A few days ago I saw a link to a video about some ‘retribution’ meted out to a shoplifter at Shoprite, not sure if it’s Lagos or Abuja at this time.

The video starts with a lot of people screaming and a young lady who’s had most of her clothes ripped off, held by a young man who appears to be shielding her from the mob. She’s crying. The chanting is inaudible and then the video goes blurred for a few seconds. By the time it’s back she’s completely naked, crying even harder, and trying very unsuccessfully to cover her breasts and privates with her hands, and also stop the thronging mob from touching her. I have tears in my eyes at this point, the scene is reminiscent of people poking at a caged animal. I wonder if there aren’t any police men at the mall.

It gets worse; the lady trips and falls. I find myself asking, ‘why on earth are they trying to carry her’?  My answer lies in the next few seconds. She’s lifted, legs spread wide apart, and unhindered, some of the men start to touch her breasts and vagina. Others are content to film, take pictures, laugh and/or scream. I’ve had enough, but the video’s just about done too. All of three minutes and nine seconds, but that young lady will live with the trauma of this incident for the rest of her life.

This incident isn’t novel, neither is it isolated. We have become so disenchanted with our legal system that we have become judge and jury unto ourselves; we’d rather distribute punishment ourselves, and in the most barbaric and dehumanizing of ways. I could regal you with tales of close friends who narrowly escaped lynching, or some other mob action, and they were innocent!

Very recently our sensibilities were jarred by the murder if four students in Aluu, a hitherto unknown town in Rivers State, Nigeria. Details are still sketchy but the most popular story has it that the four young men, students at the University of Port Harcourt had gone early in the morning to recover a debt owed one of them. The debtor didn’t have the money and in the argument that ensued, started shouting, ‘thief thief’. Like ants to sugar, a crowd gathered, and without inquiring, the boys were rounded up, stripped, paraded through the town, beaten, clubbed, and then burnt. Horrible. Simply horrible.

Since a video of the gruesomeness went viral, countless individuals and groups have called for the prosecution of the mob that killed these young men. Movements have been born, hashtags have trended, and the emotion is almost palpable.

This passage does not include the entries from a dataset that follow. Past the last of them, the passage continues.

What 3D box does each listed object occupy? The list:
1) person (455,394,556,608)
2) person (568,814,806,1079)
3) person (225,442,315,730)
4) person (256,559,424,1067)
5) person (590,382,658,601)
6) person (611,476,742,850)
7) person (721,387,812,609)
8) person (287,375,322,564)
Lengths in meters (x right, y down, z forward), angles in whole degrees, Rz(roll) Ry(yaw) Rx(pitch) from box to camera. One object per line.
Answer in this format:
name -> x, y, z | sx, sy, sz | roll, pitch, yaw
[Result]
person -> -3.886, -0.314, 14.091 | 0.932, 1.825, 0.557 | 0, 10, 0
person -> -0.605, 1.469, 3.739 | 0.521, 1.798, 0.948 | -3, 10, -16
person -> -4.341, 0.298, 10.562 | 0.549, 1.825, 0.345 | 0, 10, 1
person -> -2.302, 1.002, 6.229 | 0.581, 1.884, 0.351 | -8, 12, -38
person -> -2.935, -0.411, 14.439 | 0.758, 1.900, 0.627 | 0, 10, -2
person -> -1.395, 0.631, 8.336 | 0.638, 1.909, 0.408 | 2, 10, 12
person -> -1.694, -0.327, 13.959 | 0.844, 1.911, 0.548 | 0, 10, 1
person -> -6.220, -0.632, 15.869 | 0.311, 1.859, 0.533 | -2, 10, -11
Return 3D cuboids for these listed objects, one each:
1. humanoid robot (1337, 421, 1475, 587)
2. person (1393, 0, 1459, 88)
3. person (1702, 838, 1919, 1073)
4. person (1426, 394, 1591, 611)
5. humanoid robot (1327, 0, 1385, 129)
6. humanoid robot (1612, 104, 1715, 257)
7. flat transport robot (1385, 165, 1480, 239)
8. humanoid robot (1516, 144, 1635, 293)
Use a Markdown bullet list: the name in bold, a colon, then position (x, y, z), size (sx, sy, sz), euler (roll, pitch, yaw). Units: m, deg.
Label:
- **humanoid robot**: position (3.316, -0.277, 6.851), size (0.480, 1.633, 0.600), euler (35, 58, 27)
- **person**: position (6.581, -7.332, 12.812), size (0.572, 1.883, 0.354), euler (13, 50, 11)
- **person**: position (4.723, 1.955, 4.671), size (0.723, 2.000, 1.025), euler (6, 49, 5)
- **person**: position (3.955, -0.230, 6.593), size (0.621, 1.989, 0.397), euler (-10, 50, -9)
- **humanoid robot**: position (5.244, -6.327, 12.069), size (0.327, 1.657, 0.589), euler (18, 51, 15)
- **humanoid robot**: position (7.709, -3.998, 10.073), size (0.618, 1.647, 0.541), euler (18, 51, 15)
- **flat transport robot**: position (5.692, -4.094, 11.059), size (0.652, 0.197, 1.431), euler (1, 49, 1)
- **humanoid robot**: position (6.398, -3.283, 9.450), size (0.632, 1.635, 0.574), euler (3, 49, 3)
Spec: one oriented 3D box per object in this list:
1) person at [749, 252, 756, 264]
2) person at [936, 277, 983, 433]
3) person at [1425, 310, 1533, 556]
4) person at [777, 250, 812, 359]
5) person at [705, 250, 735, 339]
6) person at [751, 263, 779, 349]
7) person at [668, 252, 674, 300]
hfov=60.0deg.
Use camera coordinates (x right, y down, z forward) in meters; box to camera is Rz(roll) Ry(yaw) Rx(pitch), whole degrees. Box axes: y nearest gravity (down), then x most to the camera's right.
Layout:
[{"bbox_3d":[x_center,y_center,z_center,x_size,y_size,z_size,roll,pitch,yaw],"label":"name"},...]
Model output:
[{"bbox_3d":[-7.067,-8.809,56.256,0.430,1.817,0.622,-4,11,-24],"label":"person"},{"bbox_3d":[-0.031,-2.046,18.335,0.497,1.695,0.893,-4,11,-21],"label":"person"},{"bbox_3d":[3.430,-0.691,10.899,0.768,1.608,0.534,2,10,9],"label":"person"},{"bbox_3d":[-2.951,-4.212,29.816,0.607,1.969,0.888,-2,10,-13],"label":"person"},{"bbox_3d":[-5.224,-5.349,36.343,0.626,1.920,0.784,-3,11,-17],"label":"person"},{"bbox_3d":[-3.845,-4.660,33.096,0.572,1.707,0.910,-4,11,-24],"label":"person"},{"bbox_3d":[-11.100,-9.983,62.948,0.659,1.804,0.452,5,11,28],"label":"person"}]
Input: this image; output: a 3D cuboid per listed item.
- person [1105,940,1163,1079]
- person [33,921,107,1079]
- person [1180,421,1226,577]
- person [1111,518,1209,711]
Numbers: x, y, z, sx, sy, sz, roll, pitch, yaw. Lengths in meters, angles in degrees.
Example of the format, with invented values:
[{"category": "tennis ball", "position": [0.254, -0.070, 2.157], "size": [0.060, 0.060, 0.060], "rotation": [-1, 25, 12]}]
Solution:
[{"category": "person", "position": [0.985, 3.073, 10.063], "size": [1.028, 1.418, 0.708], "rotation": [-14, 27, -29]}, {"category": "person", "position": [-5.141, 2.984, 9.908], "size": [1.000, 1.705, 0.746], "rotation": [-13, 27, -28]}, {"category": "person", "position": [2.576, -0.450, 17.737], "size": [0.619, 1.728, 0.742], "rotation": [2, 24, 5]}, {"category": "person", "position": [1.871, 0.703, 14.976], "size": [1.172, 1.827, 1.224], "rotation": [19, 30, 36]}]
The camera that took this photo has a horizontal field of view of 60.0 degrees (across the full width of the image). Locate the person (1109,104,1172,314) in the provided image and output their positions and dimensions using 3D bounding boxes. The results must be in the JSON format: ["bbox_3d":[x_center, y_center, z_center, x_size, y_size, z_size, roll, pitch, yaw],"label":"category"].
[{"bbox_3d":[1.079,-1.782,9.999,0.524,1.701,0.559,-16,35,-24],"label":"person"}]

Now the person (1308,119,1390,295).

I joined one of such movements on Friday, the one calling for signatures to pressure the National Assembly to pass a bill outlawing mob action. It was started by @ofilispeaks, and currently stands at just under 3, 500 signatures, including mine.

Then, riding on the pent-up emotions from the video of the young lady I watched, I wondered to myself how I could help drive the campaign even further. I spoke to a very close friend of mine, a lawyer whose years of practice are a year shy of my age. My conversation with him? Let’s just say I did a U-Turn at the end of it.

Popular sentiment aside, we cannot ask for a new law addressing ‘mob action’ because embedded in our Criminal Code (for the South), and the Penal Code (for the North) are laws covering the act against the #Aluu4 – murder.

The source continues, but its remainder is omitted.